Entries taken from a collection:
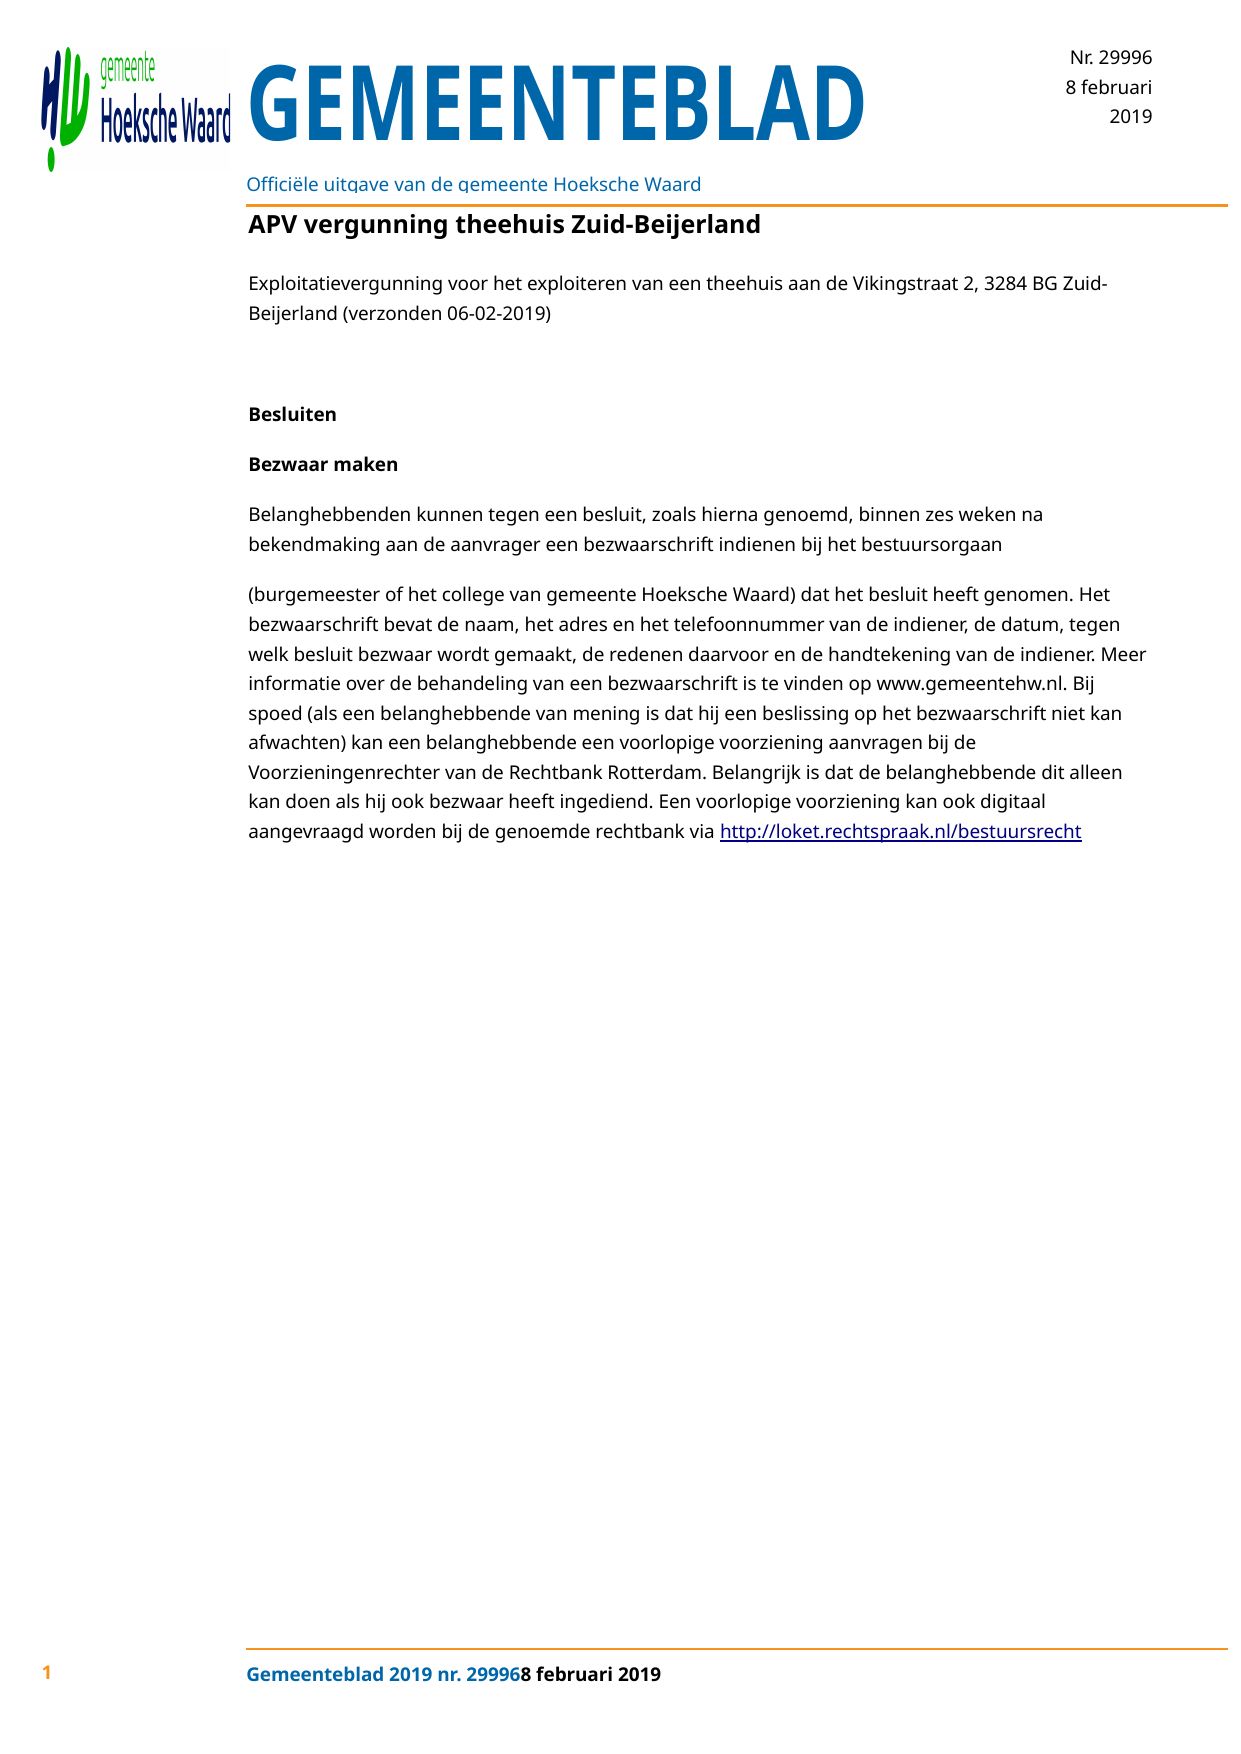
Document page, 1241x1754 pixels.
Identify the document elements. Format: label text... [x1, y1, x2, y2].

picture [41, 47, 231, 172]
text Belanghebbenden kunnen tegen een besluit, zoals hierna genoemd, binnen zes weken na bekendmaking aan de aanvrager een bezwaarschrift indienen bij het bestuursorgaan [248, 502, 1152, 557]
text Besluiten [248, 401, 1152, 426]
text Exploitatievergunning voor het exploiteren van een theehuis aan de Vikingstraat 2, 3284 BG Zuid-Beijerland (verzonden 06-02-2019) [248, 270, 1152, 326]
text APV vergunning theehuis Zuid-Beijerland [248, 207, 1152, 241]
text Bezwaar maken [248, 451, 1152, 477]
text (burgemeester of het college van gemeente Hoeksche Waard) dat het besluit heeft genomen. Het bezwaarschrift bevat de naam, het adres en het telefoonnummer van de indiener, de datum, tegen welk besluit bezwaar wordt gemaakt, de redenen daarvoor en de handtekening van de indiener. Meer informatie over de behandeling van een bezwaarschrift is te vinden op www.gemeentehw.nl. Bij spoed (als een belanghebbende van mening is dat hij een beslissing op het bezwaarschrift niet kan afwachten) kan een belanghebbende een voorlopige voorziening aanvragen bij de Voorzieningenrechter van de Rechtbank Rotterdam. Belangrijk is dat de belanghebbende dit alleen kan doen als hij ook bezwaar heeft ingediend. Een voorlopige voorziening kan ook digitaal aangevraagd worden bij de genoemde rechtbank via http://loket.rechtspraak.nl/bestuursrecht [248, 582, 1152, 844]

Task brief:
Return all lines from the entries that contain the string "theehuis".

Output of the task:
text Exploitatievergunning voor het exploiteren van een theehuis aan de Vikingstraat 2, 3284 BG Zuid-Beijerland (verzonden 06-02-2019) [248, 270, 1152, 326]
text APV vergunning theehuis Zuid-Beijerland [248, 207, 1152, 241]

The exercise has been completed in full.